YOUR TASK | Scan the records for the string "woon" and copy every line that holds it.

Dataset excerpts |
╭──
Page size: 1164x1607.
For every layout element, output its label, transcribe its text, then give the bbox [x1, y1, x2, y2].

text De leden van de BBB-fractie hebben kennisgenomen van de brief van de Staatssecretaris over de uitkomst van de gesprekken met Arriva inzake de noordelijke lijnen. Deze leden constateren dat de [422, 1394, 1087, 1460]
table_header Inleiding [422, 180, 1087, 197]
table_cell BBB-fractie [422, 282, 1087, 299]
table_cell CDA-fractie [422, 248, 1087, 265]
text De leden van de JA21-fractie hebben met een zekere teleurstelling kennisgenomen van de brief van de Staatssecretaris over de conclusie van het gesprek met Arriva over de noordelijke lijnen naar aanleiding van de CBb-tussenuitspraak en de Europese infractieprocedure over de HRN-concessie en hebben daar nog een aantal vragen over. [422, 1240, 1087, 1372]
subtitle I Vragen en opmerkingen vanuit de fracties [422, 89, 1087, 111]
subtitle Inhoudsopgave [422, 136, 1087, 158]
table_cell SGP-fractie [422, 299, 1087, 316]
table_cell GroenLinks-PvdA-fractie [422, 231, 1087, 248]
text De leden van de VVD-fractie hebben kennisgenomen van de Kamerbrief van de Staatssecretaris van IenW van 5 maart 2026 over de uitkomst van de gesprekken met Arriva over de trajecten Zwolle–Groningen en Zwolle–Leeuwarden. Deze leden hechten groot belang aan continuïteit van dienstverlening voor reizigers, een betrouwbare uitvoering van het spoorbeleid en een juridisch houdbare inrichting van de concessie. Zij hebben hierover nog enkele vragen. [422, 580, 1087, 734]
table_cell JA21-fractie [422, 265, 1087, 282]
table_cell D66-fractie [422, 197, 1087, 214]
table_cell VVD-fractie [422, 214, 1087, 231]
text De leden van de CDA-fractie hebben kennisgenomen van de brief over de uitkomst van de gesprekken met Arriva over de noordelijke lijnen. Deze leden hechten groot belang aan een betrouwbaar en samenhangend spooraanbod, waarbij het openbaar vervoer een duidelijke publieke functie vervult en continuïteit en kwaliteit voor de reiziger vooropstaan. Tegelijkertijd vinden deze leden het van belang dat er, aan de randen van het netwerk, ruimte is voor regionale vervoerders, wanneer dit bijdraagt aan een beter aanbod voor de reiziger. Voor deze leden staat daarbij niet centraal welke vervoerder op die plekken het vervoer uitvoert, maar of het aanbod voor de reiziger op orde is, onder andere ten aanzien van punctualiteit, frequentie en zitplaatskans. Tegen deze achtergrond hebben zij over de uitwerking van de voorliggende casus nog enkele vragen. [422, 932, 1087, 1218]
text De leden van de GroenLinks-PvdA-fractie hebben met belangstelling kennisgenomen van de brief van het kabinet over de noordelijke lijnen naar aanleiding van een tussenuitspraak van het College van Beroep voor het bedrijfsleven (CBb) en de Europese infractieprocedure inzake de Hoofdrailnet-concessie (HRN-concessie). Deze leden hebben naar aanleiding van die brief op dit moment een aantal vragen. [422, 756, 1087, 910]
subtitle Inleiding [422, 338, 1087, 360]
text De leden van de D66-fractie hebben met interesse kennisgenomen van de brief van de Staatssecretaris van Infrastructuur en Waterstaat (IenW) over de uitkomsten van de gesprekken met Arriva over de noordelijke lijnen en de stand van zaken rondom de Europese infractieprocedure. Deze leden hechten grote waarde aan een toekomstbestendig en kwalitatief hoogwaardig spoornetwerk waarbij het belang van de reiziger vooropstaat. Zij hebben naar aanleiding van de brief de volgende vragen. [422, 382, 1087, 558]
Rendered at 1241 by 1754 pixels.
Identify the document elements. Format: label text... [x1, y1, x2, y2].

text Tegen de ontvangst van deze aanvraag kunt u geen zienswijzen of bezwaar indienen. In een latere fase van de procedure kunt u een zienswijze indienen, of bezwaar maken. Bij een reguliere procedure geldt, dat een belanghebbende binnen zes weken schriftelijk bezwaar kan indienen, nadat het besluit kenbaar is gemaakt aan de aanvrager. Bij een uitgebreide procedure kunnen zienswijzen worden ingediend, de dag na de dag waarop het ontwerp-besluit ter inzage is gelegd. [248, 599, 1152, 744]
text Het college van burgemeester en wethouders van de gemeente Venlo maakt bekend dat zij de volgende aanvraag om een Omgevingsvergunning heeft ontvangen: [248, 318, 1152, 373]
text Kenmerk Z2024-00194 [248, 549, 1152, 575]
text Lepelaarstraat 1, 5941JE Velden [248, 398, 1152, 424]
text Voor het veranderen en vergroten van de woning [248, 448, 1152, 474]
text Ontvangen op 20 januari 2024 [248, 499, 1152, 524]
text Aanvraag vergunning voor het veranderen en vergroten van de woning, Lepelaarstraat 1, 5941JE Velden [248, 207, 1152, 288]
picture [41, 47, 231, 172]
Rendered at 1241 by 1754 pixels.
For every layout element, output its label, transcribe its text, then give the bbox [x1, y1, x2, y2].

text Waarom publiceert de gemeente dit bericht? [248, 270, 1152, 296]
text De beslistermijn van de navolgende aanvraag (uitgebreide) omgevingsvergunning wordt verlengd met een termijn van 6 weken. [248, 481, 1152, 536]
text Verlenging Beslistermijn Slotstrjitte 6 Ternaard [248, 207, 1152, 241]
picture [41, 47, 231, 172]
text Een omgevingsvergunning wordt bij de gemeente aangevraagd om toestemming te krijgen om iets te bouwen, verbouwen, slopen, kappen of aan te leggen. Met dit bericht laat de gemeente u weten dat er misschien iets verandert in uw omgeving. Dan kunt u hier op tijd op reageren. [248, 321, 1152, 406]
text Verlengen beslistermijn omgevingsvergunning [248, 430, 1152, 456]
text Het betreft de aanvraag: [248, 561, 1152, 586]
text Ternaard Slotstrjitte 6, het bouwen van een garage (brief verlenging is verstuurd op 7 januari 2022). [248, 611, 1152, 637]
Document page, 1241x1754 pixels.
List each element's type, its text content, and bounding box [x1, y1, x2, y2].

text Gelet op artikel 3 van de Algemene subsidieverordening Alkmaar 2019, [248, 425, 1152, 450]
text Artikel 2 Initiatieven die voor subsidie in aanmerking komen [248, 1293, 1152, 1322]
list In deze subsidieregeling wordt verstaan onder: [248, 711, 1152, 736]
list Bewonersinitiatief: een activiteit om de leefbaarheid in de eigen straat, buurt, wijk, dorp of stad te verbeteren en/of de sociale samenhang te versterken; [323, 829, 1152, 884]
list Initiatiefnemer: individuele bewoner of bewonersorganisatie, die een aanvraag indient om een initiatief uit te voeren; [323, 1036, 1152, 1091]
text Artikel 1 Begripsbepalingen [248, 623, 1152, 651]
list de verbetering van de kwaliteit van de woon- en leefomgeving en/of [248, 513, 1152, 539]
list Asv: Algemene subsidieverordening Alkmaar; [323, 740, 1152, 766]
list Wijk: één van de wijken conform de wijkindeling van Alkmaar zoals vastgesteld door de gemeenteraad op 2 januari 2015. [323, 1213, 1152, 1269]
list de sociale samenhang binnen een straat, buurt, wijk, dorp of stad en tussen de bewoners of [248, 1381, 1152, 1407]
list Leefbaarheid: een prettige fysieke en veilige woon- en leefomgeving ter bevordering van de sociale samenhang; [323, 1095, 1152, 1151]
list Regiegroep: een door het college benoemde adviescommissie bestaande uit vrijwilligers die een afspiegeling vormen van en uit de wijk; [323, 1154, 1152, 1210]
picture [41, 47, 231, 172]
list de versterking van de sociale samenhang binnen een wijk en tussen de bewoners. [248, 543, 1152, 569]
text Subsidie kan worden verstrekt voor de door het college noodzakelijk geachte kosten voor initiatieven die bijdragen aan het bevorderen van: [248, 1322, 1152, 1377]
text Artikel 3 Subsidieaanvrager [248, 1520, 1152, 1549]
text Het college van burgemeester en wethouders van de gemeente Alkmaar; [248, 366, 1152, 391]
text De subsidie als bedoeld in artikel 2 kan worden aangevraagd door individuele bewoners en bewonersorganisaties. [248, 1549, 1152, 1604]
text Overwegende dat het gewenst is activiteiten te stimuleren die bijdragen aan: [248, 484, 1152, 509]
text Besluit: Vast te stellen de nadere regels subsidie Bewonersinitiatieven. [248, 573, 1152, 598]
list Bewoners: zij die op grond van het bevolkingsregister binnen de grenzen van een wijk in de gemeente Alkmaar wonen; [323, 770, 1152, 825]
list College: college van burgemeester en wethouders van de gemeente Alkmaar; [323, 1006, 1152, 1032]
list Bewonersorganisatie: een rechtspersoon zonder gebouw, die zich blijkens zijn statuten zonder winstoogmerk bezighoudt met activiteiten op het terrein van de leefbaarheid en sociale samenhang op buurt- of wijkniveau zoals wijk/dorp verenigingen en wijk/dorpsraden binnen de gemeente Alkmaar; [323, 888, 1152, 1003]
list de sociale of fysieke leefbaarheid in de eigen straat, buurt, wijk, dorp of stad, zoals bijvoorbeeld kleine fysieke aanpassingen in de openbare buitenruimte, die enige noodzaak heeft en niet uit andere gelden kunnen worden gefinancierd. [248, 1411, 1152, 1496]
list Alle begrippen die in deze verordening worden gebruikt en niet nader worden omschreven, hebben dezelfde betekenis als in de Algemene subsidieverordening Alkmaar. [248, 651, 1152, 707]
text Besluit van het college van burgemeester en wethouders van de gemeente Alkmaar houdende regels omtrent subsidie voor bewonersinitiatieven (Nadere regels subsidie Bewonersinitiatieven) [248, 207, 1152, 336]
╰──
ANSWER FOR THIS EXERCISE |
list de verbetering van de kwaliteit van de woon- en leefomgeving en/of [248, 513, 1152, 539]
list Leefbaarheid: een prettige fysieke en veilige woon- en leefomgeving ter bevordering van de sociale samenhang; [323, 1095, 1152, 1151]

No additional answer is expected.